## The input
§

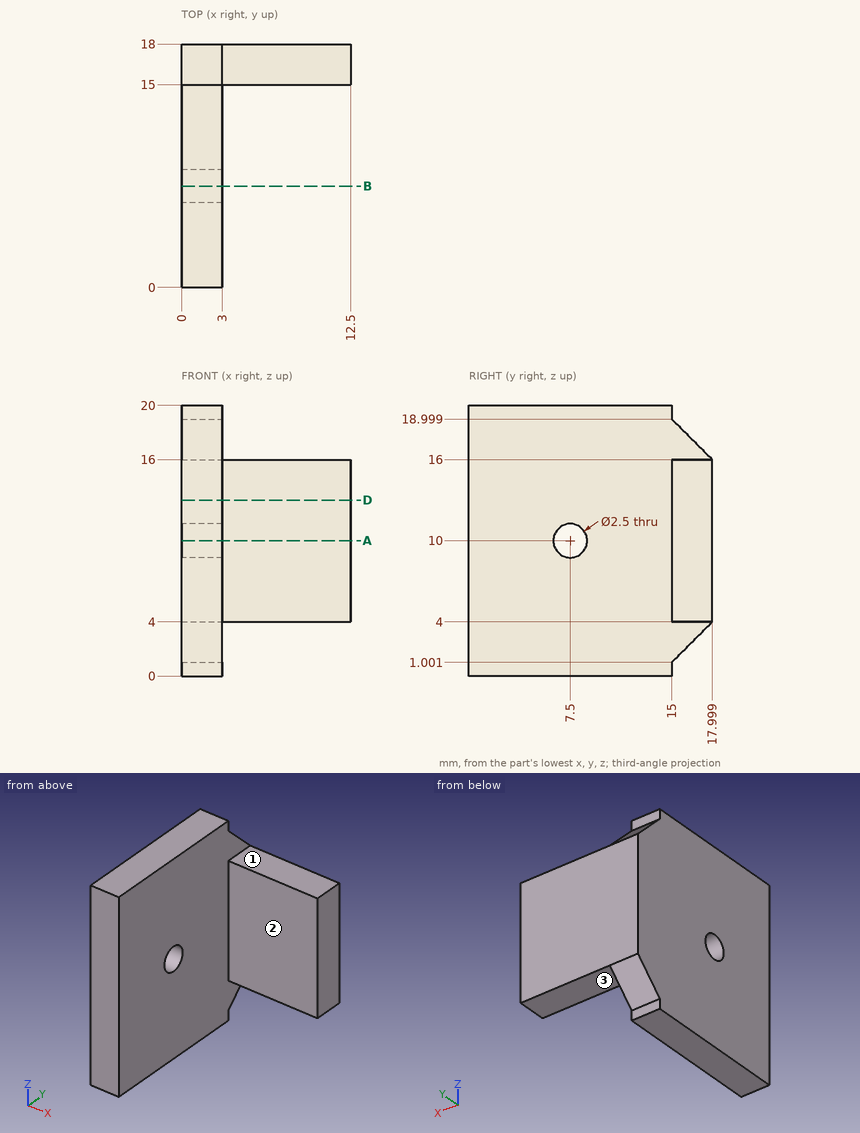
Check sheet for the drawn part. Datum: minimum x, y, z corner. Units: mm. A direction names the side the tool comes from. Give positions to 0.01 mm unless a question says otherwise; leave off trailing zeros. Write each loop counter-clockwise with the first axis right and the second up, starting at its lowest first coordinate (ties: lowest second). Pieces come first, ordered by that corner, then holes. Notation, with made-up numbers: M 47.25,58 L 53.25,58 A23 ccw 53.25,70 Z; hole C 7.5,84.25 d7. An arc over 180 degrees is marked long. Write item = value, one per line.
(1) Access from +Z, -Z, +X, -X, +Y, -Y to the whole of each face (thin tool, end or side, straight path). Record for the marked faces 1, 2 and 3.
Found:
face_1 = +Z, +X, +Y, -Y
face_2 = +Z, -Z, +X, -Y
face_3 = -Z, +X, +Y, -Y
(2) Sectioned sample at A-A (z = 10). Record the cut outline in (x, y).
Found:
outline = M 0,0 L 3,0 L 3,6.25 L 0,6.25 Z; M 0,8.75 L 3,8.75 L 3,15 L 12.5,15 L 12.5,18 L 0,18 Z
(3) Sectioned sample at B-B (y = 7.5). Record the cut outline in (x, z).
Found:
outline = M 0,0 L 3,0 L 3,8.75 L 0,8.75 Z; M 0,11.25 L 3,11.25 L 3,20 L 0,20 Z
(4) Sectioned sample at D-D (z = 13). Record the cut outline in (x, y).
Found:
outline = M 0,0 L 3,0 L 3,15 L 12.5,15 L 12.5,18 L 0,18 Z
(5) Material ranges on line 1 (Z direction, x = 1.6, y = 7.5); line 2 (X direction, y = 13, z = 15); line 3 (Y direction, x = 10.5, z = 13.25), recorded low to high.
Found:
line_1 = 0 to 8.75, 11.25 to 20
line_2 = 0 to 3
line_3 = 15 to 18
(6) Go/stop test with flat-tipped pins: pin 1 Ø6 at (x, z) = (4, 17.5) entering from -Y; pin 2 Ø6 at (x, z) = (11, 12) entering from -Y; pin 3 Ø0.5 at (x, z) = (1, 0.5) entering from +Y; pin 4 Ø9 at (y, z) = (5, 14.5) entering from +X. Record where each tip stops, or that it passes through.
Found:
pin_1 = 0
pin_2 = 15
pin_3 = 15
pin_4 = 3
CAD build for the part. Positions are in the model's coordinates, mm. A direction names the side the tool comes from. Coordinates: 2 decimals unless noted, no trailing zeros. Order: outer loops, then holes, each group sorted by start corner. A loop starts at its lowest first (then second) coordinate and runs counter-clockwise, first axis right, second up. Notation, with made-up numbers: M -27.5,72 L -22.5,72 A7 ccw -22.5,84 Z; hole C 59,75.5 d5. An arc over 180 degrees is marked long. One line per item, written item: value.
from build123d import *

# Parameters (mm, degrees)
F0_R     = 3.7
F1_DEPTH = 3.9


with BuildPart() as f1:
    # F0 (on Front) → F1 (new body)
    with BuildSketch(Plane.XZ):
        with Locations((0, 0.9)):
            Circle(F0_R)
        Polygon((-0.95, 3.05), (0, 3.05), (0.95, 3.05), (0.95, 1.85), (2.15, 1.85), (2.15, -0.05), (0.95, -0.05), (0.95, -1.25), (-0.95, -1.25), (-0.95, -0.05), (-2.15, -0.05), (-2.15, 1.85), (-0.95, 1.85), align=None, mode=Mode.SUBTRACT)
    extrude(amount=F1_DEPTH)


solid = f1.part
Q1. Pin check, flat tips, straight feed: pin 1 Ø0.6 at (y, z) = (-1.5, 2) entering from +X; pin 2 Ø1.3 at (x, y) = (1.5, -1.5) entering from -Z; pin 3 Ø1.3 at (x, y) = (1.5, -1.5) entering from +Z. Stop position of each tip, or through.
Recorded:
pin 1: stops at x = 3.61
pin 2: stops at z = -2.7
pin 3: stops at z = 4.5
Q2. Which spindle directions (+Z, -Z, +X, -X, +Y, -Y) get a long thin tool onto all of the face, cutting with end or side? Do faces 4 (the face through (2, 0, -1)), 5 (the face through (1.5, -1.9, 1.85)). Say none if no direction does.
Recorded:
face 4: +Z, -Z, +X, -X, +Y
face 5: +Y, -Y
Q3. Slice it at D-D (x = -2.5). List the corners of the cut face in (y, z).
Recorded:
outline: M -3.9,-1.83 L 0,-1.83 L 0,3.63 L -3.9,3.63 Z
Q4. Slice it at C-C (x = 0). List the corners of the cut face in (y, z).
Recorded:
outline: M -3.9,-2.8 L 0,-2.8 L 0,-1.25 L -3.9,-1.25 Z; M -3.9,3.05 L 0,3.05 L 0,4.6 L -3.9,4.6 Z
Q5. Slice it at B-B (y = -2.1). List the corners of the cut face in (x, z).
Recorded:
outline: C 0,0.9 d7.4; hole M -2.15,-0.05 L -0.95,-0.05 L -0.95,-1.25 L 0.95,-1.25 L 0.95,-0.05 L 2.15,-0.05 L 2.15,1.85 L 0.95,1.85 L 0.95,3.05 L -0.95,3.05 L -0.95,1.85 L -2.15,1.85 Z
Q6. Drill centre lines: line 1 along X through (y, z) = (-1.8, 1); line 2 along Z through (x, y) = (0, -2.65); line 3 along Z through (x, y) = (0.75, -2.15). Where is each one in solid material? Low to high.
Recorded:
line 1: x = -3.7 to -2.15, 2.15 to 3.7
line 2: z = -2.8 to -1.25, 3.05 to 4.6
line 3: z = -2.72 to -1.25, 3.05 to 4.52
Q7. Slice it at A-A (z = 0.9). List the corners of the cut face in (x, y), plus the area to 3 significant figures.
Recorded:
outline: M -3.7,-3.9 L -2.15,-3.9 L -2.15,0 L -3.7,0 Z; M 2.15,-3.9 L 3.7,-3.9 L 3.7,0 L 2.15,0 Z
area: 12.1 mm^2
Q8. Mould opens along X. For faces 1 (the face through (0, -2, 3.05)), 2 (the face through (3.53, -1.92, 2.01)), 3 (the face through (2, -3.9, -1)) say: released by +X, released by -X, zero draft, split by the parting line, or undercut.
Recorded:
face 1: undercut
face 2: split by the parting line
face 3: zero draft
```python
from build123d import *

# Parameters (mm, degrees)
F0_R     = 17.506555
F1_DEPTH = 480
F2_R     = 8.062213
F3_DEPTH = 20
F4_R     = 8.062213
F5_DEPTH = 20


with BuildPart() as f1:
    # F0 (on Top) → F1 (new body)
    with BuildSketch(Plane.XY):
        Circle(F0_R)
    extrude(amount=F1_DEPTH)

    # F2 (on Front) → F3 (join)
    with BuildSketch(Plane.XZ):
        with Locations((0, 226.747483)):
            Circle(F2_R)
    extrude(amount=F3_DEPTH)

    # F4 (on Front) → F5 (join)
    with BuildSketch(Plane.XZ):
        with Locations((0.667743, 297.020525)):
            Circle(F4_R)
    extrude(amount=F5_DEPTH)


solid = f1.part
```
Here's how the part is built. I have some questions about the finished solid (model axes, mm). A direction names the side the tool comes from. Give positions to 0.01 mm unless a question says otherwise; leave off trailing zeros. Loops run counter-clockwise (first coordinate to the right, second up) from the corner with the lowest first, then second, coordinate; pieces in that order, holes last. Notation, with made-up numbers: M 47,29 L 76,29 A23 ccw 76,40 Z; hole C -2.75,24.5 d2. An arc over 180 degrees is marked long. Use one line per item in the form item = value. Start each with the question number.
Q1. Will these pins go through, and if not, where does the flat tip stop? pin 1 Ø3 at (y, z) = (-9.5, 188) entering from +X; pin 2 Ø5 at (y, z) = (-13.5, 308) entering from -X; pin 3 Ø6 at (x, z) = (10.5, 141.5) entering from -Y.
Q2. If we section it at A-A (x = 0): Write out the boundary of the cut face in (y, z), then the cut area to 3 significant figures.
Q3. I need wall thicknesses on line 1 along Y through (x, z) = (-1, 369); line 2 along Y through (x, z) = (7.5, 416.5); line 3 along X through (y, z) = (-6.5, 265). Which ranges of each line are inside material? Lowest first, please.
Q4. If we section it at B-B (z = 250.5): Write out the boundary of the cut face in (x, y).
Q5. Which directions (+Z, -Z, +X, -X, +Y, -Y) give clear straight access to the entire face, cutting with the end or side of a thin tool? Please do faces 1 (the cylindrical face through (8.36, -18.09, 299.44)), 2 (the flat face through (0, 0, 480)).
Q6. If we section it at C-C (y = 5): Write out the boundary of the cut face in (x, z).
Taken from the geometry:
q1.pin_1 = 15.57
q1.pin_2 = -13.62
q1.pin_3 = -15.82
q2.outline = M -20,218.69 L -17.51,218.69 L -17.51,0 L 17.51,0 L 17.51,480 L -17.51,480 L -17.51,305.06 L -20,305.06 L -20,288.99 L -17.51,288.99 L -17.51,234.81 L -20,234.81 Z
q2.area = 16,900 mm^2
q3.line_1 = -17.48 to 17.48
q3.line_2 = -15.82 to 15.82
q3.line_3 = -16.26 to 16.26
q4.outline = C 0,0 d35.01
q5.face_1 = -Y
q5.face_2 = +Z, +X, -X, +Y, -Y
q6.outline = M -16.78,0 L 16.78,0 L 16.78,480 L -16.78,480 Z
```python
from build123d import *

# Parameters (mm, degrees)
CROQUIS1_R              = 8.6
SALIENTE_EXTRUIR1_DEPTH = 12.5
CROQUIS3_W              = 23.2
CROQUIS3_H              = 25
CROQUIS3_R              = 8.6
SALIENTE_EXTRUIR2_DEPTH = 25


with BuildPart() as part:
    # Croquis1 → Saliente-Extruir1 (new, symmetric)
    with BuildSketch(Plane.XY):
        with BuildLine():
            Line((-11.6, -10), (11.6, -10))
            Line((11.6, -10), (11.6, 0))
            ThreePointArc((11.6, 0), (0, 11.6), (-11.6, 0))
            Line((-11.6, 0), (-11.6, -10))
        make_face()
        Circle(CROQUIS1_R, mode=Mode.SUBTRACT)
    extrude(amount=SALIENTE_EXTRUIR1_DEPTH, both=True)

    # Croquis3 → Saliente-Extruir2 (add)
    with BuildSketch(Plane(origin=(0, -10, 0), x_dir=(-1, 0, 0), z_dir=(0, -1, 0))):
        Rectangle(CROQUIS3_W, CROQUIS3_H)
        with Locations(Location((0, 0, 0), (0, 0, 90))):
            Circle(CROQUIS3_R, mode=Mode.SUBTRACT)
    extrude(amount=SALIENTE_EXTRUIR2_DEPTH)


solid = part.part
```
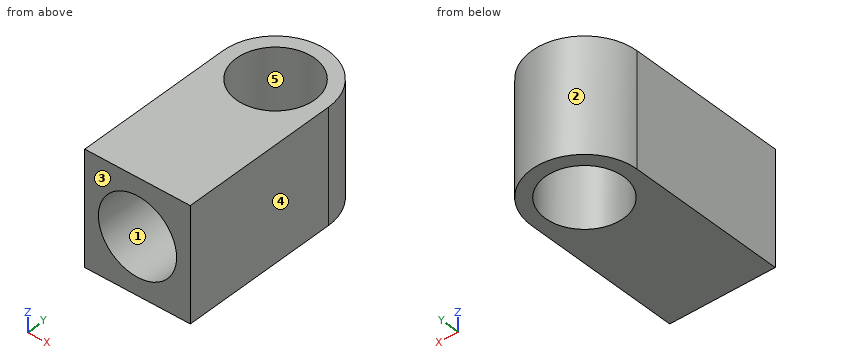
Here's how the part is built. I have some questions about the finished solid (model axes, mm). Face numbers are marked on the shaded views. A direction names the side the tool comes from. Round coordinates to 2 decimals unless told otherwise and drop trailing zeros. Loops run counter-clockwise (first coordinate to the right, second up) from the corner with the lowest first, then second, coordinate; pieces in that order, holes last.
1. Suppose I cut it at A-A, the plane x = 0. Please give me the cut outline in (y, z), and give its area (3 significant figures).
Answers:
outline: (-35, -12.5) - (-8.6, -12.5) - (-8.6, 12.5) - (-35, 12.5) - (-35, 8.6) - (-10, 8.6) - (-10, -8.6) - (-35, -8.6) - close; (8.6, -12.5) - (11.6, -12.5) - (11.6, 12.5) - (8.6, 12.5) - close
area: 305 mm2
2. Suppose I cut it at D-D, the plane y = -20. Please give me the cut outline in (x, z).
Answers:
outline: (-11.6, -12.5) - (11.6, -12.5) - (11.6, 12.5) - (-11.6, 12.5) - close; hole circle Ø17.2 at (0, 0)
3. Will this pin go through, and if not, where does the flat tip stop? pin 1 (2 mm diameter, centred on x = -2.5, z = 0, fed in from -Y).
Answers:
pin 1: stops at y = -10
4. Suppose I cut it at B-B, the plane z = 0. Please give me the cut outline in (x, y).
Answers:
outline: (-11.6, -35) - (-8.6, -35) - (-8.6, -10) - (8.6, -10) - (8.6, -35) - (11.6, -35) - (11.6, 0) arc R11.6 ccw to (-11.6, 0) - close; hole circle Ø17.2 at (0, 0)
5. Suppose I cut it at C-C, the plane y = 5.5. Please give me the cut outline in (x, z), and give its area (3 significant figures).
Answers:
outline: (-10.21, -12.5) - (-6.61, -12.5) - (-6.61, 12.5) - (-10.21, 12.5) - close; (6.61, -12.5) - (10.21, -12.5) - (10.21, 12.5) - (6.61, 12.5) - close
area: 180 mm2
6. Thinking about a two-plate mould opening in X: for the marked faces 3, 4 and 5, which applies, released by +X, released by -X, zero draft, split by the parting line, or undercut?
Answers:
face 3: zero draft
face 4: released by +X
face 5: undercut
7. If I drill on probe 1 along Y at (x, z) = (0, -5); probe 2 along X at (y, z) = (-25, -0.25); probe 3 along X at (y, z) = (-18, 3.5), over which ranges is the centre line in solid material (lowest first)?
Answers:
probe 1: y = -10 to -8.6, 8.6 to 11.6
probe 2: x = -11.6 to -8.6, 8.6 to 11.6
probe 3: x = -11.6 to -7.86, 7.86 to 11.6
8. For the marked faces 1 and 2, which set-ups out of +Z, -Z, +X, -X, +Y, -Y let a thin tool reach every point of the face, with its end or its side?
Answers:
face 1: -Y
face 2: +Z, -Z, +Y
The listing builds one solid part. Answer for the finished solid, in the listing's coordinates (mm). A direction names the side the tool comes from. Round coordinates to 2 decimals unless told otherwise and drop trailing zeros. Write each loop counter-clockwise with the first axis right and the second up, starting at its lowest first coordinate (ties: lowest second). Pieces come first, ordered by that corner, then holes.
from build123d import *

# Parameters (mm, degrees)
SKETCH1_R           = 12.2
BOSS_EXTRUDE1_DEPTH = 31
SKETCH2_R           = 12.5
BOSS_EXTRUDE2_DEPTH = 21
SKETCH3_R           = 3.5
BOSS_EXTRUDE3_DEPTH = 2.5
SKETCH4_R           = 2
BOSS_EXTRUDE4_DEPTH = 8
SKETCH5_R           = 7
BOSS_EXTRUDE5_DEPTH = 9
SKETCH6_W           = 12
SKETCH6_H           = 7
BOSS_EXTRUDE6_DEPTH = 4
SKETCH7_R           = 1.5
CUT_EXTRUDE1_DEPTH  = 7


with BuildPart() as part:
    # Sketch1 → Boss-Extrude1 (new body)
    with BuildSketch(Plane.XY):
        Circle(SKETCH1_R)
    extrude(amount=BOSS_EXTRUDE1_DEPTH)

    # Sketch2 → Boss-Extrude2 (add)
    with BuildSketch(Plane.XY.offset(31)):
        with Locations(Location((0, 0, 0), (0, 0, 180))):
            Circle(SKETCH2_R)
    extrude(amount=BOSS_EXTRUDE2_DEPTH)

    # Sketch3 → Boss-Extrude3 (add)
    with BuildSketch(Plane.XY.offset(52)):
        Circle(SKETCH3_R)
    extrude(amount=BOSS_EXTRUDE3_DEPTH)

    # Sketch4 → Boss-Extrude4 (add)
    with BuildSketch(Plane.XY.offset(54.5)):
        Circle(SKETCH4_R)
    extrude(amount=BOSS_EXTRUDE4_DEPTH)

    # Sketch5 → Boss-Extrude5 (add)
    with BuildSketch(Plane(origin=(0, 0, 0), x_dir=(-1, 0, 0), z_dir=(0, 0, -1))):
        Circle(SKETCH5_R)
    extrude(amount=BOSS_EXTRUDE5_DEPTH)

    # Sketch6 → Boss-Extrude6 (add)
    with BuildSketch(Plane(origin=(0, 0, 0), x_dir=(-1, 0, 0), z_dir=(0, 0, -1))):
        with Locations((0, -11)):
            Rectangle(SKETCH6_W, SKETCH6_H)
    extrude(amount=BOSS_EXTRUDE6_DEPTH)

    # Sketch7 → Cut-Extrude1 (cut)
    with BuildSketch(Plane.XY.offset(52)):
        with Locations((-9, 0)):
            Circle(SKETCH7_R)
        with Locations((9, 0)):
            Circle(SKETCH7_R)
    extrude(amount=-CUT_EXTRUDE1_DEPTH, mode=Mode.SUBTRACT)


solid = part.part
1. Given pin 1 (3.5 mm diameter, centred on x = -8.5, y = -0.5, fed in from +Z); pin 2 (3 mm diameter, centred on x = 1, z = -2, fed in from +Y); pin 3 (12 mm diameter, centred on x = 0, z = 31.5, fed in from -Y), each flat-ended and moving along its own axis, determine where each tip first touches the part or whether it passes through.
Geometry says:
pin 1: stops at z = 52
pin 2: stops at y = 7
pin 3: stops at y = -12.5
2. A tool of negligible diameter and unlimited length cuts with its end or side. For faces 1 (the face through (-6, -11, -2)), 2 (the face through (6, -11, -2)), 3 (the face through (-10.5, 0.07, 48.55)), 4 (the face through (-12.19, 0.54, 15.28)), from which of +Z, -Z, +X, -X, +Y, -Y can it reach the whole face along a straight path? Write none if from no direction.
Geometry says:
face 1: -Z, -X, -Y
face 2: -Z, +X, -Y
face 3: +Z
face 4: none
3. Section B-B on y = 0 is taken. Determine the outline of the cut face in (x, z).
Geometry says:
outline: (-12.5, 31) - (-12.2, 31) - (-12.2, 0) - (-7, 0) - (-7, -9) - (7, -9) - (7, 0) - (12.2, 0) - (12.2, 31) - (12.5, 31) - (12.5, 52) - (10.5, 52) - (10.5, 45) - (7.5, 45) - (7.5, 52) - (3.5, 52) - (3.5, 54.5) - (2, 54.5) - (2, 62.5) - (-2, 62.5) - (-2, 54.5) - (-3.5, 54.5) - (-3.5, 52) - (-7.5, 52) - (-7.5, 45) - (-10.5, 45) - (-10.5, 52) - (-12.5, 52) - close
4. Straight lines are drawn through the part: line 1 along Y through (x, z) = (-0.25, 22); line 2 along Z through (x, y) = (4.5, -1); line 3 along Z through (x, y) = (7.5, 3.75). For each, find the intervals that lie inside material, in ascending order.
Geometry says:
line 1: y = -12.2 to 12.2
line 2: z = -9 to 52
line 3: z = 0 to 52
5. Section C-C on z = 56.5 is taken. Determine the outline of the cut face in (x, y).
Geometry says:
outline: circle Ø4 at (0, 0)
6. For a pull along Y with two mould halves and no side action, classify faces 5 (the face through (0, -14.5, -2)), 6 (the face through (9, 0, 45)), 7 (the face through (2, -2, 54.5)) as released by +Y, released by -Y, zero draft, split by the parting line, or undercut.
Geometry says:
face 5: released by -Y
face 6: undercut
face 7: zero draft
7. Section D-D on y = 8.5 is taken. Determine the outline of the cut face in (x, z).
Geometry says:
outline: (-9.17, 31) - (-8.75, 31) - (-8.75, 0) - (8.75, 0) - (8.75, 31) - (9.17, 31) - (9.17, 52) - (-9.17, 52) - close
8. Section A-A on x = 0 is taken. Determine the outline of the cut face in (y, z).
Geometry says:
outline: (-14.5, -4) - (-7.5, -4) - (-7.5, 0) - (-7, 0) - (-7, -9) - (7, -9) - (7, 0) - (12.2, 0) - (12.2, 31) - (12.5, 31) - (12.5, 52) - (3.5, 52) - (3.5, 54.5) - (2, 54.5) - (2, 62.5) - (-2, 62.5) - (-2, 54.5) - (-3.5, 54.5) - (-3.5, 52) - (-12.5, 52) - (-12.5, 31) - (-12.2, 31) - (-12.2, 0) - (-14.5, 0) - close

§

## Task description
In the data above, which lines lie between the line with "Q2. Which spindle" and the line with "face 5: +Y, -Y", inclusive? Print those lines exactly and nothing else.

## Task answer
Q2. Which spindle directions (+Z, -Z, +X, -X, +Y, -Y) get a long thin tool onto all of the face, cutting with end or side? Do faces 4 (the face through (2, 0, -1)), 5 (the face through (1.5, -1.9, 1.85)). Say none if no direction does.
Recorded:
face 4: +Z, -Z, +X, -X, +Y
face 5: +Y, -Y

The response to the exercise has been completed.